Il primo grado sarebbe il mondo come possibile, che sussiste
solo nella mente divina, e per il quale mi sembra non occorra
alcuna armonia, dal momento che non è pensabile alcuna realtà
sostanziale distinta. Il secondo grado consisterebbe nel mondo
come

prospezione individuale di tale mondo possibile da parte di infiniti punti


di vista imperfetti (35),

cioè le singole monadi. Ma allora le monadi non sono parte del


mondo in quanto create con esso (e perciò con esso in armonia),
ma costituirebbero il mondo solo al terzo livello di unità,

come mondo oggettivo grazie alla coordinazione di tutti questi punti di


vista per virtù divina (ibid.).

Dunque, mi pare: tutto avviene all’interno dello spazio del


possibile divino, del virtuale mondo che non giace nell’esistenza
reale, bensì solamente come uno tra gli infiniti mondi che Dio può
far passare all’esistenza. Questa struttura virtuale credo sia
particolarmente importante da considerare, perché su di essa riposa
la possibilità di rendere efficace l’armonia. Gli infiniti mondi
devono comunque avere una loro reale consistenza ontologica,
devono cioè esistere in quanto possibili e in quanto lo sono in Dio ,
poiché altrimenti non vi sarebbe nessuna possibilità di scelta per il
migliore, ma si tornerebbe al monismo spinoziano. “In quanto
possibili”, per ribadire il valore ontologico della contingenza; “in
quanto in Dio”, per garantire la più completa unità dell’atto
creativo ed eliminare l’ipotesi della materia inerte e
meccanicamente organizzata descritta da Descartes.
A partire da qui, l’aspetto che Mathieu vuole mettere in luce è il
carattere di unità che attiene al mondo nella sua relazione,
all’interno dell’armonia, con le monadi. Infatti, nell’azione
esercitata in virtù dell’attività della monade, ciò che “subisce” il
mutamento è in fondo nient’altro che la monade stessa, che agisce
su di sé, avendo – non vedo come altro spiegarlo – come modello
la causa sui spinoziana, e quindi agisce in maniera sostanziale.
L’armonia, ricorda Mathieu, fa sì che ogni mutamento in una è un
mutamento nelle altre e quindi in tutte, sotto l’angolo visuale
proprio di ciascuna. Quindi, alla Spinoza la modificazione è
sempre modificazione di una sostanza nella sua essenziale attività
unitaria, ma l’armonia fa sì che la modificazione sia espressa in
tutte le monadi. Ora, che vuol dire qui la totalità? Cosa si afferma
quando si prende in considerazione la totalità delle monadi?
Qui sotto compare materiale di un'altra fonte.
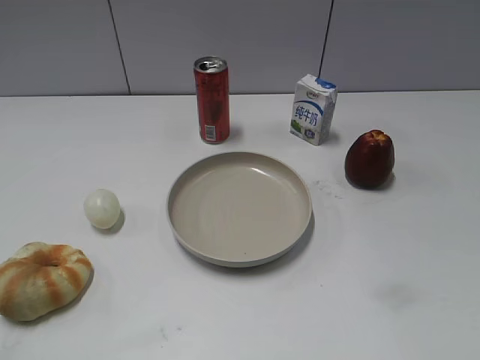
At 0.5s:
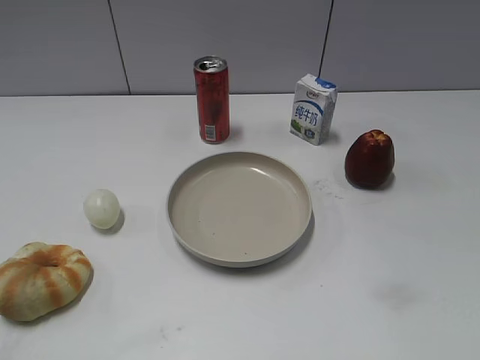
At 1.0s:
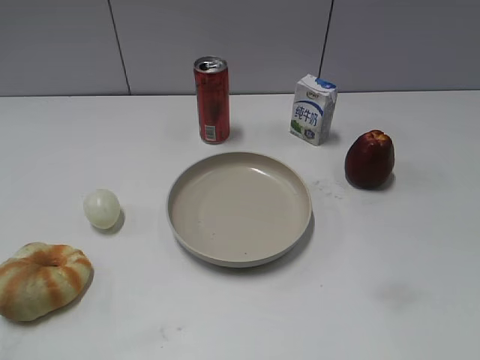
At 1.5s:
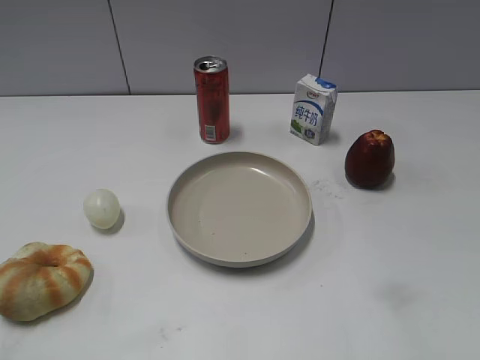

Poiché, infatti, per l’armonia prestabilita, nulla può variare per un punto
di vista senza che insieme qualcosa varî per tutti i punti di vista, quello
che propriamente agisce anche, qui, è il tutto del mondo, che agisce su
se stesso […] una connessione del tutto con se stesso (35-36).

Mi pare che abbiamo a che fare con una duplicità di piani. Da


una parte ciò che realmente agisce è la monade, poiché l’azione
come principio di attività originaria non può che procedere da una
realtà sostanziale che sia – almeno “dal punto di vista” dell’agire –
causa sui; dall’altra, ciò che agisce è anche il mondo nella sua
totalità, agente su se stesso, e qui ritorna ancora Spinoza,
complicato dalla molteplicità delle sostanze. Di fronte a questo
secondo livello di azione, che senso ha quella monadica? Per
Leibniz, secondo Mathieu, il risultato è chiaro: l’azione mondana o
psichica è simbolo di quella generale e totalizzante del mondo.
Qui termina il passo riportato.